=== ASSIGNED TASK ===
Each line of the material below is to be checked for "height"; the number of matching lines is the only output expected.

+ + +

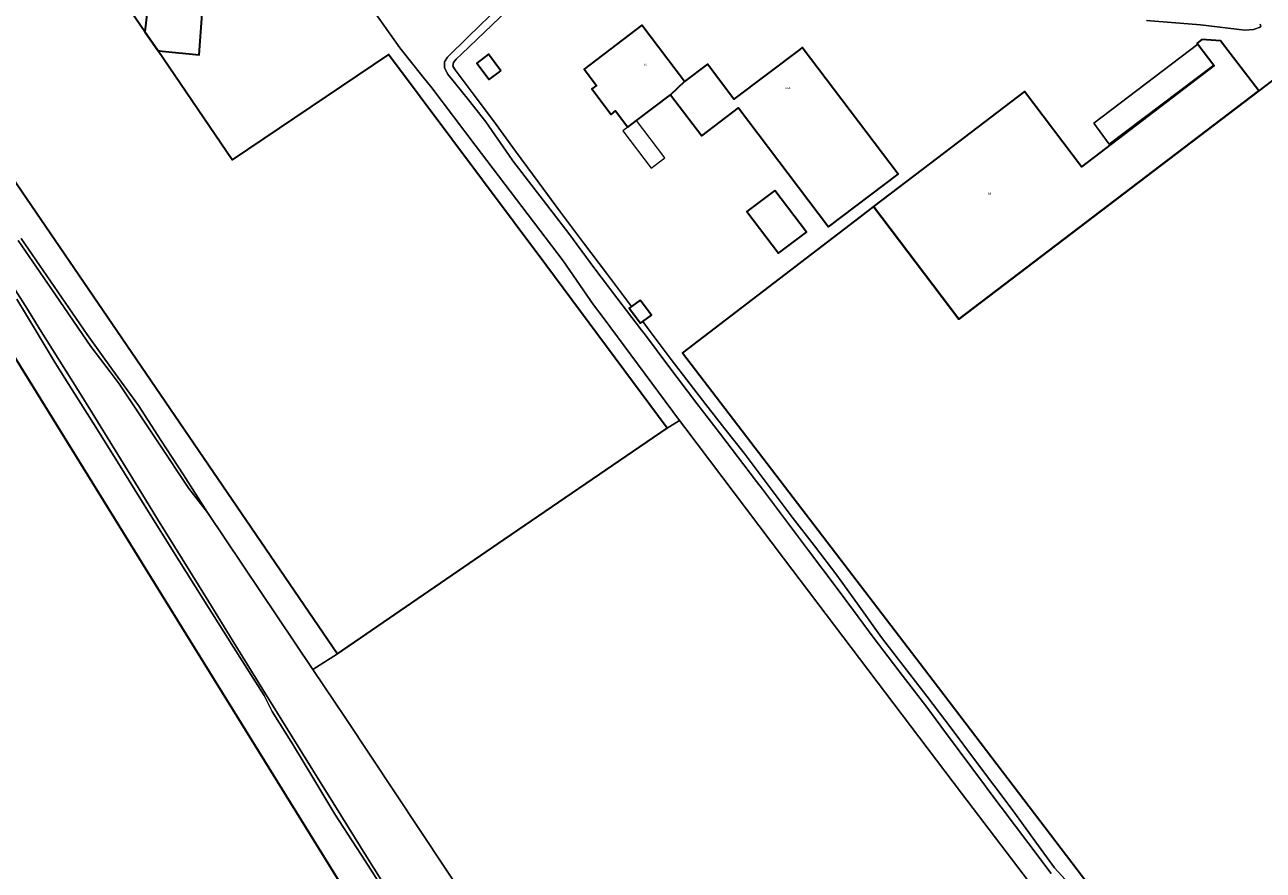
# Model space of a CAD drawing. Header units: metres. Extents: x 73718 to 76933, y 443658 to 446696.
# Tile 109 of 153: x 75738 to 75950, y 445199 to 445344. Entities that reach past the tile are written whole.
import ezdxf
from ezdxf.enums import TextEntityAlignment as Align

# ---------------------------------------------------------------- set-up
doc = ezdxf.new("R2010")
doc.units = ezdxf.units.M
for name, color, linetype, lineweight in [('B-WE-GR-GRAS-GV', 60, 'Continuous', 13), ('B-WE-OG-BEBOUWING-GV', 7, 'Continuous', 35), ('B-WE-OG-BEBOUWING-T18', 10, 'Continuous', 18), ('B-WE-OG-BEBOUWING_LUIFEL-GV', 7, 'Continuous', 18), ('B-WE-OG-BEBOUWING_OPSLAGTANK-GV', 7, 'Continuous', 18), ('B-WE-OG-TERREIN_ERF-GV', 7, 'Continuous', 18), ('B-WE-OG-TERREIN_OEVER-GV', 7, 'Continuous', 18), ('B-WE-OG-WATER_SLOOT-GV', 120, 'Continuous', 18)]:
    doc.layers.add(name, color=color, linetype=linetype, lineweight=lineweight)
doc.styles.add('NLCS-ISO-M200-T18', font='NLCS-ISO.ttf', dxfattribs={"height": 0.36})

msp = doc.modelspace()

# ---------------------------------------------------------------- linework, layer by layer
at = {"layer": 'B-WE-GR-GRAS-GV', "flags": 128}
msp.add_lwpolyline([(75927.312, 445174.519), (75898.512, 445212.394), (75867.952, 445252.77), (75851.006, 445275.18), (75850.107, 445276.392), (75848.002, 445275.112), (75818.946, 445255.25), (75791.416, 445236.352), (75787.804, 445234.02), (75787.208, 445233.655), (75792.862, 445225.238), (75814.045, 445193.242)], dxfattribs=at)
at = {"layer": 'B-WE-OG-BEBOUWING-GV', "flags": 128}
for points in [[(75760.577, 445339.925), (75758.383, 445343.148), (75744.714, 445363.228), (75717.47, 445344.715), (75791.416, 445236.352), (75818.946, 445255.25), (75848.002, 445275.112), (75827.144, 445303.111), (75800.172, 445339.266), (75773.354, 445321.155)], [(75595.753, 445310.933), (75590.451, 445307.642), (75620.67, 445258.397), (75618.752, 445257.22), (75649.132, 445208.455), (75647.218, 445207.254), (75647.229, 445207.235), (75670.92, 445169.165), (75669.388, 445168.24), (75684.92, 445143.189), (75686.36, 445140.819), (75722.212, 445163.183), (75742.671, 445130.243), (75775.767, 445151.067), (75807.896, 445171.129), (75764.72, 445240.917), (75718.931, 445314.897), (75696.78, 445350.798), (75654.676, 445324.75), (75654.674, 445324.753), (75610.837, 445297.498), (75600.647, 445313.971), (75596.265, 445311.251)], [(75758.383, 445343.148), (75760.577, 445339.925), (75761.344, 445339.842), (75767.685, 445339.173), (75768.278, 445347.058), (75762.204, 445347.772), (75758.923, 445348.128)], [(75848.557, 445332.351), (75850.954, 445334.633), (75843.666, 445344.291), (75833.72, 445336.741), (75835.835, 445333.955), (75835.052, 445333.368), (75838.361, 445328.98), (75839.138, 445329.583), (75841.25, 445326.796), (75842.727, 445327.919)], [(75949.519, 445333.036), (75944.597, 445339.439), (75942.925, 445341.629), (75939.738, 445341.848), (75938.906, 445341.215), (75939.057, 445341.018), (75941.798, 445337.418), (75941.853, 445337.345), (75919.073, 445319.955), (75909.278, 445332.888), (75893.147, 445320.582), (75883.421, 445313.162), (75898.063, 445293.833)], [(75819.443, 445336.467), (75817.321, 445339.293), (75815.306, 445337.781), (75817.427, 445334.954)], [(75850.954, 445334.633), (75848.557, 445332.351), (75853.913, 445325.273), (75860.216, 445330.116), (75875.683, 445309.654), (75887.628, 445318.697), (75871.166, 445340.441), (75870.756, 445340.13), (75859.454, 445331.574), (75854.885, 445337.609)], [(75949.519, 445333.036), (75898.063, 445293.833), (75883.421, 445313.162), (75881.111, 445311.4), (75850.604, 445288.035), (75893.615, 445231.782), (75943.222, 445166.637), (76000, 445091.177), (76020.321, 445064.169), (76113.602, 445135.206), (76075.189, 445186.429), (76041.037, 445231.275), (76036.295, 445237.501), (76022.273, 445255.738), (76000, 445285.212), (75976.611, 445315.952), (75958.443, 445339.835)], [(75866.482, 445315.921), (75861.685, 445312.315), (75867.081, 445305.137), (75871.878, 445308.743)], [(75843.332, 445297.078), (75841.894, 445295.991), (75841.472, 445295.672), (75843.418, 445293.097), (75843.817, 445293.399), (75845.279, 445294.503)]]:
    msp.add_lwpolyline(points, close=True, dxfattribs=at)
at = {"layer": 'B-WE-OG-BEBOUWING_LUIFEL-GV', "flags": 128}
msp.add_lwpolyline([(75847.608, 445321.499), (75842.727, 445327.919), (75841.25, 445326.796), (75840.378, 445326.133), (75845.259, 445319.714)], close=True, dxfattribs=at)
at = {"layer": 'B-WE-OG-BEBOUWING_OPSLAGTANK-GV', "flags": 128}
msp.add_lwpolyline([(75923.824, 445323.835), (75941.798, 445337.418), (75939.057, 445341.018), (75921.221, 445327.44)], close=True, dxfattribs=at)
at = {"layer": 'B-WE-OG-TERREIN_ERF-GV', "flags": 128}
for points in [[(75744.714, 445363.228), (75758.383, 445343.148), (75758.923, 445348.128)], [(75768.278, 445347.058), (75767.685, 445339.173), (75761.344, 445339.842), (75760.577, 445339.925), (75773.354, 445321.155), (75800.172, 445339.266), (75827.144, 445303.111), (75848.002, 445275.112), (75850.107, 445276.392), (75836.993, 445294.064), (75835.322, 445296.255), (75830.159, 445303.846), (75815.052, 445323.667), (75807.582, 445333.512), (75805.907, 445335.625), (75802.139, 445340.378), (75795.862, 445349.3)], [(75820.505, 445346.822), (75816.637, 445343.115), (75812.73, 445339.371), (75811.799, 445338.48), (75811.313, 445337.873), (75811.232, 445337.225), (75811.637, 445336.617), (75814.884, 445332.249), (75818.163, 445327.836), (75821.978, 445322.652), (75825.831, 445317.416), (75829.699, 445312.178), (75833.606, 445306.887), (75837.554, 445301.703), (75841.542, 445296.466), (75841.894, 445295.991), (75843.332, 445297.078), (75845.279, 445294.503), (75843.817, 445293.399), (75845.088, 445291.685), (75848.67, 445286.856), (75854.609, 445279.135), (75857.886, 445274.972), (75861.196, 445270.766), (75865.306, 445265.313), (75869.457, 445259.805), (75873.271, 445254.863), (75877.124, 445249.87), (75880.938, 445244.525), (75884.791, 445239.125), (75888.659, 445234.129), (75892.566, 445229.083), (75896.703, 445223.549), (75900.881, 445217.96), (75904.024, 445213.797), (75907.198, 445209.591), (75910.797, 445204.622), (75914.433, 445199.602), (75919.455, 445194.149)], [(75737.12, 445307.655), (75742.788, 445299.417), (75748.456, 445291.178), (75752.828, 445285.101), (75757.245, 445278.963), (75761.087, 445273.047), (75764.968, 445267.072), (75769.096, 445260.621), (75787.208, 445233.655), (75787.804, 445234.02), (75791.416, 445236.352), (75717.47, 445344.715)], [(75949.753, 445344.436), (75949.831, 445344.096), (75949.748, 445343.961), (75948.75, 445343.587), (75948.596, 445343.529), (75947.085, 445343.457), (75939.526, 445344.321), (75930.239, 445345.113)], [(75943.222, 445166.637), (75893.615, 445231.782), (75850.604, 445288.035), (75881.111, 445311.4), (75883.421, 445313.162), (75893.147, 445320.582), (75909.278, 445332.888), (75919.073, 445319.955), (75941.853, 445337.345), (75941.798, 445337.418), (75923.824, 445323.835), (75921.221, 445327.44), (75939.057, 445341.018), (75938.906, 445341.215), (75939.738, 445341.848), (75942.925, 445341.629), (75944.597, 445339.439), (75949.519, 445333.036), (75958.443, 445339.835)], [(75718.931, 445314.897), (75764.72, 445240.917), (75807.896, 445171.129), (75775.767, 445151.067), (75742.671, 445130.243), (75722.212, 445163.183)], [(75801.256, 445192.847), (75796.144, 445200.772), (75790.981, 445208.778), (75787.364, 445214.806), (75783.71, 445220.895), (75780.22, 445226.453), (75778.809, 445229.183), (75773.579, 445237.47), (75768.296, 445245.841), (75764.229, 445252.32), (75760.121, 445258.864), (75756.616, 445264.523), (75753.076, 445270.239), (75749.554, 445275.893), (75746.275, 445281.069), (75742.962, 445286.298), (75739.699, 445291.748), (75736.403, 445297.253)]]:
    msp.add_lwpolyline(points, dxfattribs=at)
for points in [[(75841.25, 445326.796), (75839.138, 445329.583), (75838.361, 445328.98), (75835.052, 445333.368), (75835.835, 445333.955), (75833.72, 445336.741), (75843.666, 445344.291), (75850.954, 445334.633), (75854.885, 445337.609), (75859.454, 445331.574), (75870.756, 445340.13), (75871.166, 445340.441), (75887.628, 445318.697), (75875.683, 445309.654), (75860.216, 445330.116), (75853.913, 445325.273), (75848.557, 445332.351), (75842.727, 445327.919)], [(75819.443, 445336.467), (75817.427, 445334.954), (75815.306, 445337.781), (75817.321, 445339.293)], [(75866.482, 445315.921), (75871.878, 445308.743), (75867.081, 445305.137), (75861.685, 445312.315)]]:
    msp.add_lwpolyline(points, close=True, dxfattribs=at)
at = {"layer": 'B-WE-OG-TERREIN_OEVER-GV', "flags": 128}
for points in [[(75819.442, 445347.736), (75815.691, 445344.087), (75813.823, 445342.27), (75810.269, 445338.783), (75809.781, 445338.006), (75809.803, 445337.013), (75810.321, 445335.951), (75813.892, 445331.46), (75816.898, 445327.679), (75820.901, 445321.905), (75821.513, 445321.022), (75828.83, 445311.51), (75831.118, 445308.536), (75835.581, 445302.434), (75836.658, 445301.02), (75839.367, 445297.462), (75843.604, 445291.925), (75844.251, 445291.059), (75848.124, 445285.88), (75853.095, 445279.326), (75856.96, 445274.265), (75863.321, 445265.936), (75864.34, 445264.585), (75872.25, 445254.093), (75876.994, 445247.801), (75879.947, 445243.794), (75883.322, 445239.213), (75887.747, 445233.431), (75892.531, 445227.179), (75895.748, 445222.841), (75902.587, 445213.62), (75903.021, 445213.043), (75909.874, 445203.928), (75913.887, 445198.591)], [(75919.455, 445194.149), (75914.433, 445199.602), (75910.797, 445204.622), (75907.198, 445209.591), (75904.024, 445213.797), (75900.881, 445217.96), (75896.703, 445223.549), (75892.566, 445229.083), (75888.659, 445234.129), (75884.791, 445239.125), (75880.938, 445244.525), (75877.124, 445249.87), (75873.271, 445254.863), (75869.457, 445259.805), (75865.306, 445265.313), (75861.196, 445270.766), (75857.886, 445274.972), (75854.609, 445279.135), (75848.67, 445286.856), (75845.088, 445291.685), (75843.817, 445293.399), (75843.418, 445293.097), (75841.472, 445295.672), (75841.894, 445295.991), (75841.542, 445296.466), (75837.554, 445301.703), (75833.606, 445306.887), (75829.699, 445312.178), (75825.831, 445317.416), (75821.978, 445322.652), (75818.163, 445327.836), (75814.884, 445332.249), (75811.637, 445336.617), (75811.232, 445337.225), (75811.313, 445337.873), (75811.799, 445338.48), (75812.73, 445339.371), (75816.637, 445343.115), (75820.505, 445346.822)], [(75930.239, 445345.113), (75939.526, 445344.321), (75947.085, 445343.457), (75948.596, 445343.529), (75948.75, 445343.587), (75949.748, 445343.961), (75949.831, 445344.096), (75949.753, 445344.436)], [(75736.635, 445307.323), (75742.285, 445299.072), (75749.114, 445289.1), (75752.407, 445284.78), (75753.973, 445282.724), (75760.596, 445272.722), (75765.885, 445264.736), (75769.096, 445260.621), (75764.968, 445267.072), (75761.087, 445273.047), (75757.245, 445278.963), (75752.828, 445285.101), (75748.456, 445291.178), (75742.788, 445299.417), (75737.12, 445307.655)], [(75799.857, 445195.971), (75796.669, 445201.099), (75790.662, 445210.759), (75787.931, 445215.158), (75778.586, 445230.209), (75773.986, 445237.72), (75769.348, 445245.293), (75764.775, 445252.659), (75760.535, 445259.488), (75757.207, 445264.887), (75749.306, 445277.709), (75746.948, 445281.489), (75740.31, 445292.129), (75738.204, 445295.506), (75733.598, 445302.815)], [(75736.403, 445297.253), (75739.699, 445291.748), (75742.962, 445286.298), (75746.275, 445281.069), (75749.554, 445275.893), (75753.076, 445270.239), (75756.616, 445264.523), (75760.121, 445258.864), (75764.229, 445252.32), (75768.296, 445245.841), (75773.579, 445237.47), (75778.809, 445229.183), (75780.22, 445226.453), (75783.71, 445220.895), (75787.364, 445214.806), (75790.981, 445208.778), (75796.144, 445200.772), (75801.256, 445192.847)]]:
    msp.add_lwpolyline(points, dxfattribs=at)
at = {"layer": 'B-WE-OG-WATER_SLOOT-GV', "flags": 128}
for points in [[(75795.862, 445349.3), (75802.139, 445340.378), (75805.907, 445335.625), (75807.582, 445333.512), (75815.052, 445323.667), (75830.159, 445303.846), (75835.322, 445296.255), (75836.993, 445294.064), (75850.107, 445276.392), (75851.006, 445275.18), (75867.952, 445252.77), (75898.512, 445212.394), (75927.312, 445174.519)], [(75913.887, 445198.591), (75909.874, 445203.928), (75903.021, 445213.043), (75902.587, 445213.62), (75895.748, 445222.841), (75892.531, 445227.179), (75887.747, 445233.431), (75883.322, 445239.213), (75879.947, 445243.794), (75876.994, 445247.801), (75872.25, 445254.093), (75864.34, 445264.585), (75863.321, 445265.936), (75856.96, 445274.265), (75853.095, 445279.326), (75848.124, 445285.88), (75844.251, 445291.059), (75843.604, 445291.925), (75839.367, 445297.462), (75836.658, 445301.02), (75835.581, 445302.434), (75831.118, 445308.536), (75828.83, 445311.51), (75821.513, 445321.022), (75820.901, 445321.905), (75816.898, 445327.679), (75813.892, 445331.46), (75810.321, 445335.951), (75809.803, 445337.013), (75809.781, 445338.006), (75810.269, 445338.783), (75813.823, 445342.27), (75815.691, 445344.087), (75819.442, 445347.736)], [(75814.045, 445193.242), (75792.862, 445225.238), (75787.208, 445233.655), (75769.096, 445260.621), (75765.885, 445264.736), (75760.596, 445272.722), (75753.973, 445282.724), (75752.407, 445284.78), (75749.114, 445289.1), (75742.285, 445299.072), (75736.635, 445307.323)], [(75733.598, 445302.815), (75738.204, 445295.506), (75740.31, 445292.129), (75746.948, 445281.489), (75749.306, 445277.709), (75757.207, 445264.887), (75760.535, 445259.488), (75764.775, 445252.659), (75769.348, 445245.293), (75773.986, 445237.72), (75778.586, 445230.209), (75787.931, 445215.158), (75790.662, 445210.759), (75796.669, 445201.099), (75799.857, 445195.971)]]:
    msp.add_lwpolyline(points, dxfattribs=at)

# ---------------------------------------------------------------- texts
at = {"layer": 'B-WE-OG-BEBOUWING-T18', "style": 'NLCS-ISO-M200-T18'}
for s, p in [('66', (75844.24, 445337.513)), ('66A', (75868.7, 445333.49)), ('68', (75903.313, 445315.356))]:
    msp.add_text(s, height=0.36, dxfattribs=at).set_placement(p, align=Align.MIDDLE)

doc.saveas('drawing.dxf')

+ + +

=== EXERCISE SOLUTION ===
2